My first child had loads of trouble sleeping. In hindsight, I know that it was a combination of several things, but part of it was that I got very stressed and upset when he cried and almost always handed him off to my husband.
I remember one particular moment where I was at a friend’s house (they weren’t there at the time – I was alone) and I’d failed to get him to sleep. He was so tired, but just couldn’t sleep. He just screamed and screamed in my arms. Usually my husband would help at these times. He’d hold our son in a way that we dubbed the ‘Daddy hold’ which never failed to get our son to sleep. This time, though, he was out at a meeting. A feeling of utter powerlessness and panic started welling up inside of me. Eventually I called Karl and demanded that he get in a taxi and come straight back, which he did.
After that incident, I decided that I never wanted to be in that situation again, for the sake of my son and my own sanity.
If you’re reading this then you’ve probably been in a similar situation to me. I feel for you, I really do – it’s horrible to have to see your child like this. I learned from that incident, changed various things about the way I deal with overtired or cranky children, and have become a lot better at helping them settle and sleep. I’d like to help you deal with those inevitable moments when your child has a meltdown.
First, practice, practice, practice
To remain calm in the face of intense emotion takes a lot of willpower. It’s really easy to get sucked into it yourself.

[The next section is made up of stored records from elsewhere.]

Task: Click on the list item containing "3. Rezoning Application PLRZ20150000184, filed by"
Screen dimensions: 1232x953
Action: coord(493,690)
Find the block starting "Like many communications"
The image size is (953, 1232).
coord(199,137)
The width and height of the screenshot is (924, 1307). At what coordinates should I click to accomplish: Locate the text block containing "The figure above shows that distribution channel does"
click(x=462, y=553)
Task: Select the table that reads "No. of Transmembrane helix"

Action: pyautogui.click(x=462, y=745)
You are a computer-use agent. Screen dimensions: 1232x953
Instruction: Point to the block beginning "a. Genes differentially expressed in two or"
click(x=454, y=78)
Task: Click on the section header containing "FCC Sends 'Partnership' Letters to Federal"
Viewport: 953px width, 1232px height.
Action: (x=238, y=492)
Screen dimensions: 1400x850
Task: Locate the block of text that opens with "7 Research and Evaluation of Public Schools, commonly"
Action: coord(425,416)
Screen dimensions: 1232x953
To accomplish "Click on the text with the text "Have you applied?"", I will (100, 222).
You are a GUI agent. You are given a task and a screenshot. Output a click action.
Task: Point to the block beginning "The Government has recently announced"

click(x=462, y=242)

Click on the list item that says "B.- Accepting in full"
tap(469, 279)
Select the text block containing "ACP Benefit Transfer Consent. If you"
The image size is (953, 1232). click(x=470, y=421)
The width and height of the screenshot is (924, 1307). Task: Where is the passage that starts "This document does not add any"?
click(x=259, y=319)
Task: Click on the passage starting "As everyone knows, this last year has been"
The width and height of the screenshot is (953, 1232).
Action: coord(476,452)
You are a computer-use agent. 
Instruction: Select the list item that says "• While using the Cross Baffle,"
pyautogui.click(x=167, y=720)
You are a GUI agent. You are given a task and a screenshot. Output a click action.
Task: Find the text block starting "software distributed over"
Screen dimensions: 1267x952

It also takes trusting that it’s going to work. When either of my kids screams, it feels to me that they’re literally going to go on screaming until they’re 60. Logically I know that this can’t be the case, but it’s very difficult to separate logic from the panic response that their screaming creates in you.
However, I find that each time I’m successful in calming my child I can add that event to the well of strength that I’ll need to draw on next time. It gives me techniques that I can try and the knowledge that it will end. That I can really help my child, and that it’ll be better if I do.
This means that every time your child melts down, you need to use it as an opportunity to practice.
Practice at home – it’ll be easier to do when you’re out and about
If you wait until you’re in a stressful environment to practice calming techniques, then it’s going to be twice as hard for you. Start at home and it’ll be easier to do when you’re out and about.
Act as if you’re calm and calmness will follow
- Kissing your child gently
- Stroking your child gently
It’s weird, but acting as if you’re calm and forcing yourself to be gentle can often calm you down. If you don’t believe me, try it.
For overtired babies, find a way to distract yourself and then cuddle them to sleep
You know the phrase ‘it’s not personal, it’s business’. I’m not saying that you should treat babies as business. However, it’s important to remember that overtired babies are only crying because they’re tired. The only solution for this that will work is for them to go to sleep and the only way you can help them with this is to stay calm.
What you need to do is distract yourself from the crying enough that it doesn’t stress you out, and then cuddle them until they fall asleep.
Here are some techniques you can use:
- Listening to music
- Talking to them about all the things in the room
- Telling them a story
- Dancing round the room
One of the worst things you can do is to remain silent and think about how awful the situation is. Trust me, I’ve done it.
Find something to distract yourself and let your love and cuddles do the rest.
Try asking older kids a series of questions
This is a weird one, but it works. We often talk our toddler out of his tantrums, by asking a series of questions in a gentle, sing-song voice. It usually goes something like this.
Me: ‘Are you upset?’
Me: ‘Do you want a cuddle?’
Me: ‘Do you want some dinner?’
Me: ‘Do you want to have a conversation?’
Me: ‘Do you like the colour yellow?’
Me: ‘Do you like the colour red?’
It goes on like this for a while. But at some point he’ll have moved into my arms and his ‘no’s will get a little less frantic. Eventually I’ll get a ‘yes’. To which I respond ‘oh, good’, and move on with the day.